3) Vincent Ferrer (d. 1419). This famous Dominican studied and taught at various places in the Crown of Aragon before being ordained at Barcelona in 1379 by the cardinal who would become the Avignonese antipope Benedict XIII. He then became prior of his order's convent in his native Valencia but resigned in order to teach theology at the local cathedral school, a position that allowed him to preach, to administer the sacraments, and to employ his pen on behalf of Clement VII, whose claim to the papacy V. supported over that of Urban VI. In 1394 he was called to Avignon by Benedict XIII, whom he served as apostolic penitentiary and as Master of the Sacred Place.
In 1399, when it was clear to most that Benedict's cause was hopeless, V. succumbed to a serious illness during which he experienced a vision bidding him to preach Christ to the world. In 1399 he left Avignon and spent the remainder of his life as a highly sought itinerant preacher urging repentance and atonement before the day of Judgment. Miracles are said to have accompanied his apostolate. He died at Vannes (Morbihan) in Brittany.
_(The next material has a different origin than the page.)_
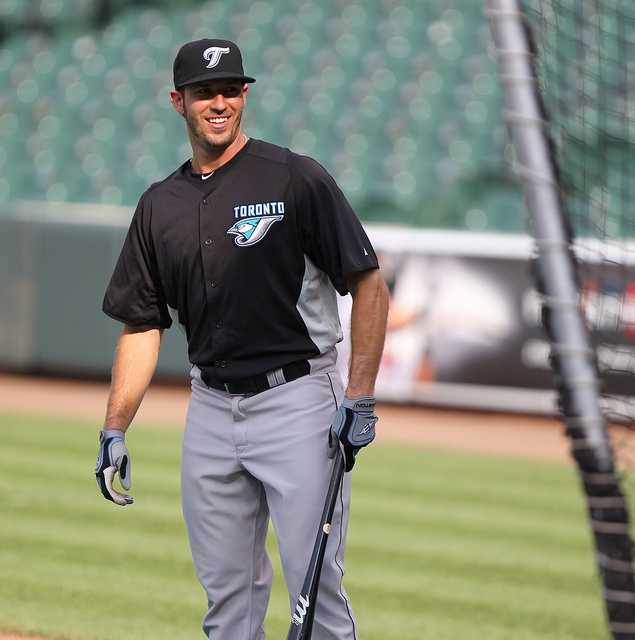Describe the objects in this image and their specific colors. I can see people in gray, black, darkgray, and tan tones and baseball bat in gray and black tones in this image.

Expandable views of the house in Vannes where V. died and of his bust reliquary in the cathedral are here:
http://glossolalia.free.fr/PVf.htm
Some illustrated pages on the cathedral of Vannes:
http://tinyurl.com/33o3g3
http://tinyurl.com/2uhsat
http://tinyurl.com/36r7zn
V. was canonized in 1455 by his countryman Calixtus III. The bull of canonization followed in 1458, in the pontificate of Pius II. V.'s canonization Vita (BHL 8658) is by the Dominican humanist Pietro Ranzano of Palermo, inquisitor general for insular Sicily (a dominion of the Crown of Aragon) and afterward bishop of Lucera (in autonomous but strongly Aragonese-influenced mostly mainland Sicily, _vulgo_ Kingdom of Naples).